Montgomery on Cromwell’s Military Legacy

by Scott Manning on June 6, 2013

Bernard MontgomeryIf Americans could get over his depiction in Patton (1970), they might learn to like British General Bernard Montgomery (1887-1976), or at least find him endearing.1

I got over my hate and I read his works every now and then. In A History of Warfare, he provides a chronological overview of war, sprinkled with his commentary throughout. The latter is what is interesting.

Consider Montgomery’s commentary on Oliver Cromwell (1599-1658), the hardline puritan who rose to brilliant military commander during the English Civil Wars (1642-51) and eventually became Lord Protectorate (r. 1653-58), or “military dictator.”

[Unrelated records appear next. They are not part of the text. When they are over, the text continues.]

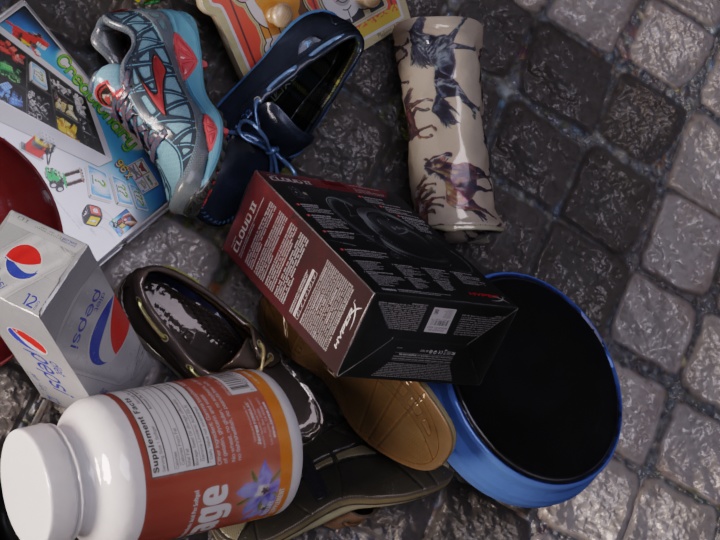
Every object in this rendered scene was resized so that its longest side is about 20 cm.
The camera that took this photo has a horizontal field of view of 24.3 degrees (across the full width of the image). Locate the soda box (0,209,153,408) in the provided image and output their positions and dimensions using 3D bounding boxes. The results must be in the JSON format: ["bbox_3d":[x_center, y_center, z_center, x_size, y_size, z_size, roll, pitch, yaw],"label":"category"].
[{"bbox_3d":[-0.212,0.040,1.199,0.068,0.200,0.064,23,67,19],"label":"soda box"}]

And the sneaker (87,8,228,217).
[{"bbox_3d":[-0.166,-0.122,1.295,0.095,0.079,0.201,6,48,-29],"label":"sneaker"}]

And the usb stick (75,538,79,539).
[{"bbox_3d":[-0.196,0.203,1.263,0.055,0.033,0.201,40,68,-16],"label":"usb stick"}]

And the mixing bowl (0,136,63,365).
[{"bbox_3d":[-0.313,-0.018,1.205,0.199,0.108,0.202,1,87,-10],"label":"mixing bowl"}]

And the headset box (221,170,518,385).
[{"bbox_3d":[0.000,0.000,1.287,0.148,0.200,0.078,7,116,-41],"label":"headset box"}]

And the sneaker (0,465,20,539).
[{"bbox_3d":[-0.280,0.228,1.185,0.074,0.084,0.201,11,68,-65],"label":"sneaker"}]

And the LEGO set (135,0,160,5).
[{"bbox_3d":[-0.165,-0.324,1.339,0.154,0.116,0.200,40,69,-9],"label":"LEGO set"}]

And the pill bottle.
[{"bbox_3d":[-0.150,0.140,1.206,0.199,0.112,0.113,-8,81,-34],"label":"pill bottle"}]

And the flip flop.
[{"bbox_3d":[-0.023,0.175,1.321,0.199,0.058,0.081,-21,57,-13],"label":"flip flop"}]

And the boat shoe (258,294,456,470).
[{"bbox_3d":[0.008,0.076,1.321,0.200,0.072,0.072,39,25,22],"label":"boat shoe"}]

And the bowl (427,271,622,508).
[{"bbox_3d":[0.134,0.093,1.373,0.200,0.039,0.202,17,58,-29],"label":"bowl"}]

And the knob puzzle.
[{"bbox_3d":[-0.050,-0.259,1.372,0.219,0.030,0.221,-5,100,-34],"label":"knob puzzle"}]

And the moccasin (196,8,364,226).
[{"bbox_3d":[-0.071,-0.123,1.333,0.080,0.068,0.201,33,87,-40],"label":"moccasin"}]

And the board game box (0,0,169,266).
[{"bbox_3d":[-0.248,-0.095,1.305,0.126,0.035,0.200,-41,95,-22],"label":"board game box"}]

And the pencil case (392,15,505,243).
[{"bbox_3d":[0.074,-0.120,1.410,0.077,0.089,0.201,-7,79,7],"label":"pencil case"}]

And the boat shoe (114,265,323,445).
[{"bbox_3d":[-0.105,0.068,1.310,0.200,0.059,0.072,41,67,-8],"label":"boat shoe"}]

Montgomery dedicates several pages describing Cromwell’s rise to power, as well as his military achievements, providing analysis of his organization of armies, strategy in war, and tactics on the battlefield. However, he freely admits that Cromwell’s “military courage and caution turned to political blustering and hesitancy.”2

At the end of his narrative, Montgomery laments, “It is sad that Cromwell should be remembered more for his unfortunate dictatorship than for his idealism, his courage, and his genius as a trainer and commander of cavalry and as a strategist.”3

Rarely does an author show his true colors for a historical figure so blatantly. However, Montgomery takes it a step further, “Sir Winston Churchill once referred to me as a Cromwellian figure, because he said, I always tried both to praise the Lord and to pass the ammunition.”4   Quite simply, Montgomery fancies himself a Cromwell-like figure without all the bad stuff.

It is easy to forgive his hero worship, because it is so refreshingly honest.

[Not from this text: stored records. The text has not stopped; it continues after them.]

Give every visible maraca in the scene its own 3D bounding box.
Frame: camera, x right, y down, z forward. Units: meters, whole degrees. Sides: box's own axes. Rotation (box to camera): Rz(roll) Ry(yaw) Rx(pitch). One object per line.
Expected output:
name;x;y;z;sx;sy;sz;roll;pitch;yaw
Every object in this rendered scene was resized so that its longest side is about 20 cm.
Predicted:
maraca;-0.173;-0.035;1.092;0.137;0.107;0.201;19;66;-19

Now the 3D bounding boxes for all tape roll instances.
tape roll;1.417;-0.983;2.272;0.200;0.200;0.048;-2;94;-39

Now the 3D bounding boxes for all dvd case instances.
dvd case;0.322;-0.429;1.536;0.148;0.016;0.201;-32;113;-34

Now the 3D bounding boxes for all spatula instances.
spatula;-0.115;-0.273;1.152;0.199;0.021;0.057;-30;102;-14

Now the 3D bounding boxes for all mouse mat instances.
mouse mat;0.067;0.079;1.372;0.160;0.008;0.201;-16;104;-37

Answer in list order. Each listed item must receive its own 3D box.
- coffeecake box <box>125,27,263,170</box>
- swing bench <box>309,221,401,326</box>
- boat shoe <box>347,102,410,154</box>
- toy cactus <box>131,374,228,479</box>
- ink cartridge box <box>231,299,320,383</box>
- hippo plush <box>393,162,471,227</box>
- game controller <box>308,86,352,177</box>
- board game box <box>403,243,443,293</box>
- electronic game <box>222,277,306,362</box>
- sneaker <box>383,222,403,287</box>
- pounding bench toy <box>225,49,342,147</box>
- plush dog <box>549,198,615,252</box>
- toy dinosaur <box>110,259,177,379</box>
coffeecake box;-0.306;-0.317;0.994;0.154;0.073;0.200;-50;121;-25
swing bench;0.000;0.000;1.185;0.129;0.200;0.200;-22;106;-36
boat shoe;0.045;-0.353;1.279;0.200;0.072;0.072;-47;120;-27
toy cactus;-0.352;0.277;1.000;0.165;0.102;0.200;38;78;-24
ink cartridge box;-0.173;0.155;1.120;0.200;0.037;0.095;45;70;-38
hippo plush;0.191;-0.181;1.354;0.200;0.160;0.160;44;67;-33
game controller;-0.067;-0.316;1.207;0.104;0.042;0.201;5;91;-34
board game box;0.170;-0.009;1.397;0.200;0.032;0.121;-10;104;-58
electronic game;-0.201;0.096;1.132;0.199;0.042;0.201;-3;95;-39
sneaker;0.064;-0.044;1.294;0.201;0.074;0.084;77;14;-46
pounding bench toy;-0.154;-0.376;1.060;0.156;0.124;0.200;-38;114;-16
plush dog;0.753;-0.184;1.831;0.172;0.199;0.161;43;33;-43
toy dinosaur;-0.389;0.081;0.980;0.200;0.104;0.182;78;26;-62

  1. Or as he preferred to be called, Field-Marshal Viscount Montgomery of Alamein. Bear with me, Americans struggle with long titles. []
  2. Field-Marshal Viscount Montgomery of Alamein, A History of Warfare (Cleveland: The World Publishing Company, 1968), 286. []
  3. Ibid. []
  4. Ibid., 282. []

{ 4 comments… read them below or add one }

1 Ollie June 6, 2013 at 11:19 AM

If we examine Cromwell’s whole record, we can not deny that he massacred 1000′s of people, the people he was sworn to lord over with protection. We can not pick and choose which parts of someone’s life to admire. If we can, then we run the risk of people admiring the charming aspects of Khan or the Fuhrer.


2 Albiccia June 6, 2013 at 11:23 AM

I think that Cromwell was the Hitler of his time, killing thousands of Irish, women, children, priests, masscuring them even in their churches. He also banned many things from England during his time as Lord Protecter such as Christmas. God Save Charles the Second!


3 ArchieD June 6, 2013 at 11:46 AM

As children we learn to hate Cromwell. We spit blood when his name comes up. As adults we should do some of our own research and realize the myth has become bigger than the man. He kept the country together, denied the crown, and did what he thought was best for democracy. Without him, we would have reconciled prematurely and ended up in the same situation before the Revolution. He is part of our story. Embrace him, the good and the bad.


4 ArchieD June 6, 2013 at 11:48 AM

And cheers to an American who reads and appreciates Montgomery!